(x+3)(X+4)>0
>0 means that the function on the left side should be positive.
since we have 2 numbers mutliplying by each other, then either both of them are positive (+) or both are negative (-)
then,
x+3> 0 and x+4>0
==> x>-3 and X>-4 .... then the interval would be (-3, inf)
now lets wok on the negative side
both numbers are negative (-), then
x+3<0 and x+4< 0
x<-3 and x<-4 .... the interval is (-inf, -4)
then the inequality is ture iff (-inf, -4) OR ( -3, inf)
or means either the first or the second but not both
===> (-inf, -4) U (-3, inf)
(x+3)(x+4) > 0.
To find the real numbers that satisfies the above product.
Solution:
Let f(x) = (x+3)(x+4)
So f(x) vanishes when eother of the factors is zero.

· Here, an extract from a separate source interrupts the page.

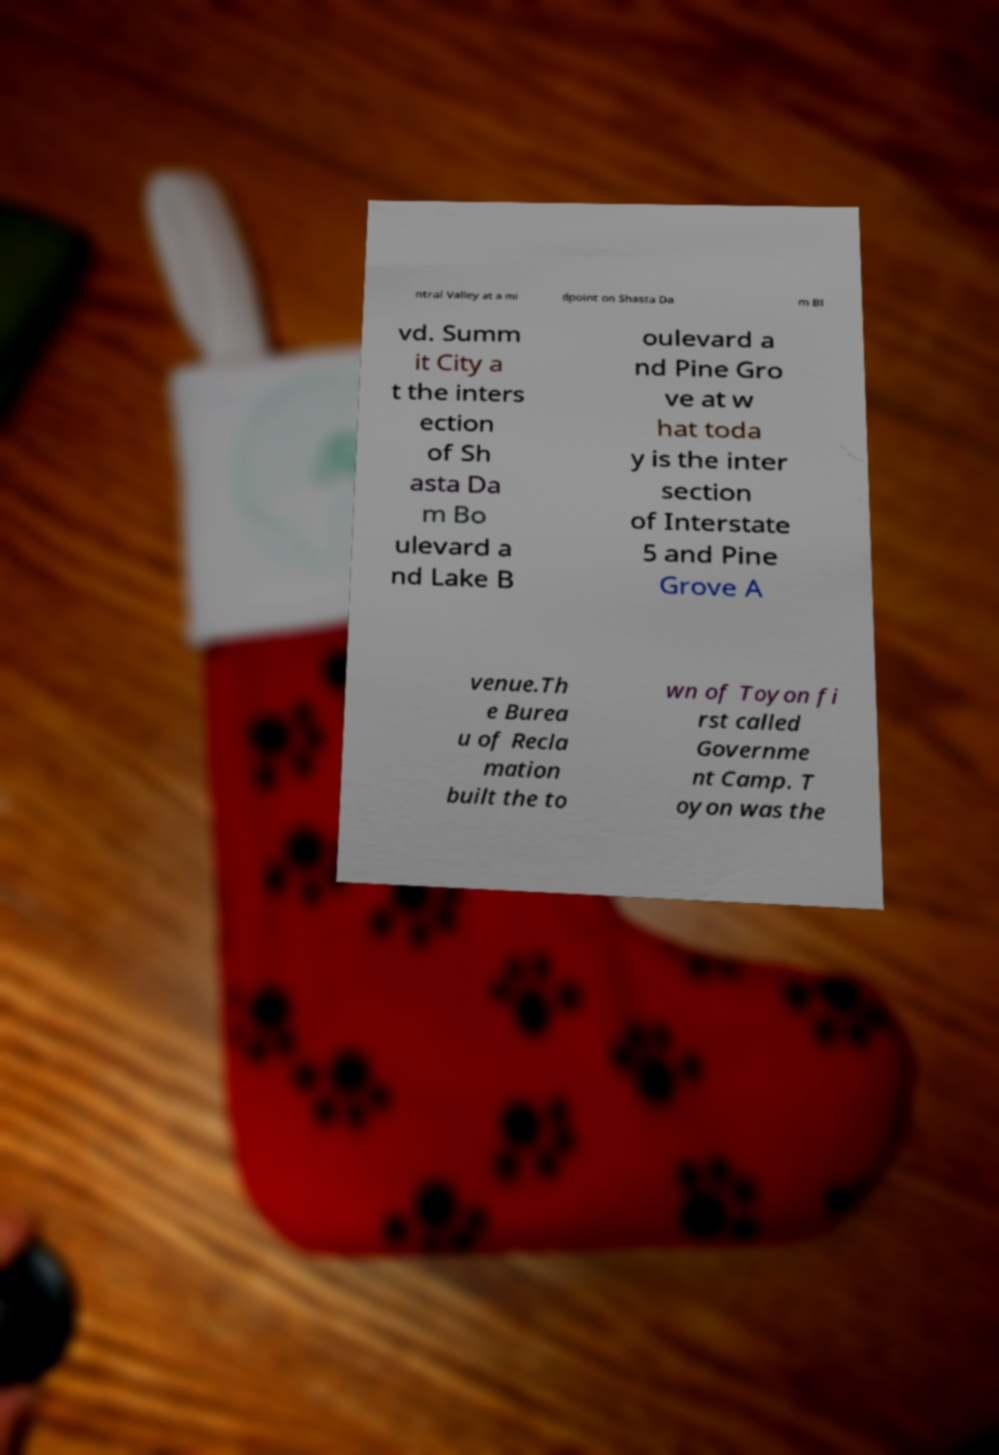What messages or text are displayed in this image? I need them in a readable, typed format. ntral Valley at a mi dpoint on Shasta Da m Bl vd. Summ it City a t the inters ection of Sh asta Da m Bo ulevard a nd Lake B oulevard a nd Pine Gro ve at w hat toda y is the inter section of Interstate 5 and Pine Grove A venue.Th e Burea u of Recla mation built the to wn of Toyon fi rst called Governme nt Camp. T oyon was the

Consider the sign of f(x) = (x+3)(x+4). When x<-4, both factors are negative . So the product of 2 negatives is positve. So f(x) = (x+3)(x+4) > 0 when x <-4.
When x=-4. f(x) = 0 as (x+3)(-4+4) = 0
When -4 < x<-3, f(x) has x+3 negative and x+4 is positive. So the product of a negative and positive factor is negative.

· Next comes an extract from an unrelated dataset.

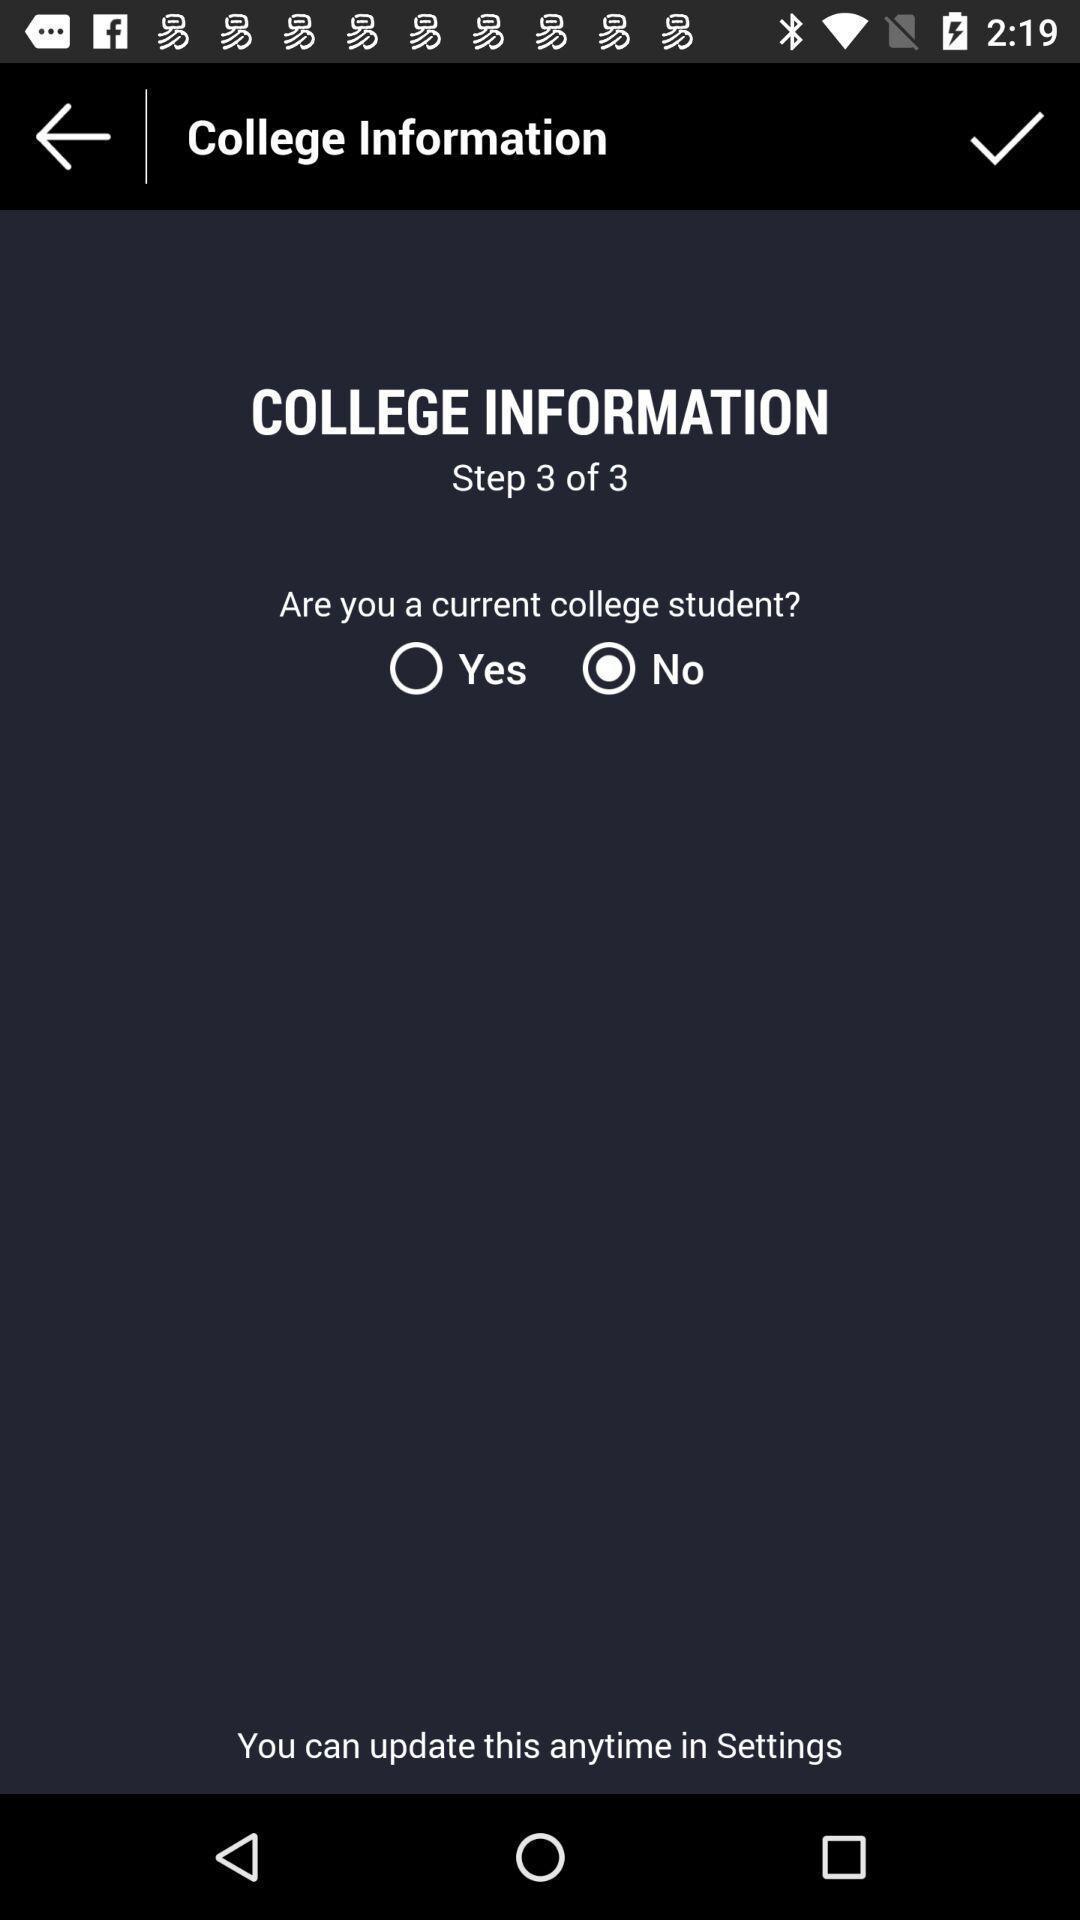Give me a narrative description of this picture. Page showing college information.

When x>-3, both factors are positive. Therefore f(x) is positive.
So for f(x) > 0, x <-4 or x >-3. That means x should be outside the interval (-3 , -4)
To satisfy the inequality, both factors of the product have to have the same sign, that means that, if (x+3) is positive, (x+4)>, too, and reverse.
Let's solve both cases.
First, let's consider both factors as being positive:
x+3>0
x+3-3>-3
x+0>-3
x>-3, which is the interval (-3, inf.)
x+4>0
x+4-4>-4
x>-4, which is the interval (-4, inf.)
The common interval which satisfies the inequality is (-3, inf.).
The other case is when both factors are negative.
x+3<0
x<-3, which is the interval (-inf, -3)
and
x+4<0
x<-4, which is the interval (-inf, -4).
The common interval which satisfies the inequality is (-inf, -4).